**To do:** Below is a block of entries; repeat exactly the lines starting at the line that contains "- ballet flat (482,141,523,184)" and ending at the line that contains "- LEGO set (209,312,213,317)", both included.

**Material to process:**
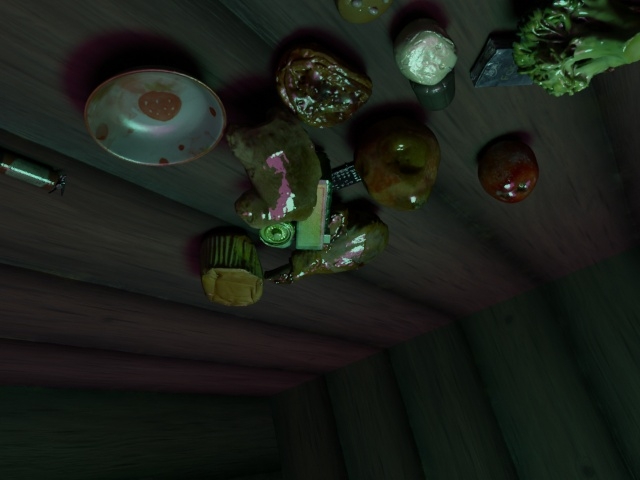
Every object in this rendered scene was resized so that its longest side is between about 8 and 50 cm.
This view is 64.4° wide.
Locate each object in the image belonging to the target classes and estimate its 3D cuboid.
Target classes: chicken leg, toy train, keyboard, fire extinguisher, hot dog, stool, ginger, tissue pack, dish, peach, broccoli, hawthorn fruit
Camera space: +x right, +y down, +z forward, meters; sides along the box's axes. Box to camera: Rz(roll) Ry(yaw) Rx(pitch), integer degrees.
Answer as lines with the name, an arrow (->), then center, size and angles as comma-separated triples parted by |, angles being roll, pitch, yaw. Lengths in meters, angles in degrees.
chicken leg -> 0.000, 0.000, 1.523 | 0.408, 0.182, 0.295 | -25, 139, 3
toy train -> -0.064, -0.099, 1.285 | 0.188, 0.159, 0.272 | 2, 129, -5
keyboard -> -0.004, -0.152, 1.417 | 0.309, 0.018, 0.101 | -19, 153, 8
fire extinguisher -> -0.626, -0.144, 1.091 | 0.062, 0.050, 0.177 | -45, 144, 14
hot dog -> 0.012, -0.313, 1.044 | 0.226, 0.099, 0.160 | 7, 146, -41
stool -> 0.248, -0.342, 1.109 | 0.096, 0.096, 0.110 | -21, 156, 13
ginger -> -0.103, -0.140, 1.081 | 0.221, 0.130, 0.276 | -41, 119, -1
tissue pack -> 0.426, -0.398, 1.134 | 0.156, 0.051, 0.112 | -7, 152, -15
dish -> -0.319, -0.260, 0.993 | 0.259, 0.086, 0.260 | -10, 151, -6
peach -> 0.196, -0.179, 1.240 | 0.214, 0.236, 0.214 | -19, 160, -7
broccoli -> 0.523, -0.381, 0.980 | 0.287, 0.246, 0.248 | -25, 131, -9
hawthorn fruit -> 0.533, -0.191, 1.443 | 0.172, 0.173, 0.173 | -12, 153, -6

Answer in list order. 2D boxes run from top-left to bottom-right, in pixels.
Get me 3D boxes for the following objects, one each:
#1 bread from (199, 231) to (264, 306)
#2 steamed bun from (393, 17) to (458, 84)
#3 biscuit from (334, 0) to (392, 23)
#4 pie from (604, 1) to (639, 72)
==
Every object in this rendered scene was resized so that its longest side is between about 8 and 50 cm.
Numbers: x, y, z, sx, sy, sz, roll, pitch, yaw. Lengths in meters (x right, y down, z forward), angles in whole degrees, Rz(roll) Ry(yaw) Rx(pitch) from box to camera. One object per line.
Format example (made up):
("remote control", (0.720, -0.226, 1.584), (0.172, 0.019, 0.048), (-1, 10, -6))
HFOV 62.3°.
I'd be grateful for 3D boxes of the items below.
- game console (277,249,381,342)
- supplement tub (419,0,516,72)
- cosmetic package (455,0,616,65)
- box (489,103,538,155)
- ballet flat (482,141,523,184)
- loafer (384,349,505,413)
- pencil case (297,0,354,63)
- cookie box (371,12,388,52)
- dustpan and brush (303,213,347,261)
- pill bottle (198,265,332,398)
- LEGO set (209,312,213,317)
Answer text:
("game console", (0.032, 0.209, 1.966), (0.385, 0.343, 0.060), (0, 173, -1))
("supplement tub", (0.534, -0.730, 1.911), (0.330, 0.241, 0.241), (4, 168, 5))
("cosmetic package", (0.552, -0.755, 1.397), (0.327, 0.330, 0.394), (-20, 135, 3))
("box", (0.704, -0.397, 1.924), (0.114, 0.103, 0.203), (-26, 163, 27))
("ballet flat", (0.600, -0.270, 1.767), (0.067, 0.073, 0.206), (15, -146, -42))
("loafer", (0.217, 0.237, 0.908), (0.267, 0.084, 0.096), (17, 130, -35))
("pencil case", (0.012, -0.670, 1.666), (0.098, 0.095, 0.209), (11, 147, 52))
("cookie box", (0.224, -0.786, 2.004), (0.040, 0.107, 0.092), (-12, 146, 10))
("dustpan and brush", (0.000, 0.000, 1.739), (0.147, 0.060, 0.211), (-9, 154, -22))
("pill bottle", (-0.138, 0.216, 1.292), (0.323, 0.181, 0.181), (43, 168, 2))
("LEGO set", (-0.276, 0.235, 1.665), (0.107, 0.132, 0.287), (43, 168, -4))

**Reply:**
- ballet flat (482,141,523,184)
- loafer (384,349,505,413)
- pencil case (297,0,354,63)
- cookie box (371,12,388,52)
- dustpan and brush (303,213,347,261)
- pill bottle (198,265,332,398)
- LEGO set (209,312,213,317)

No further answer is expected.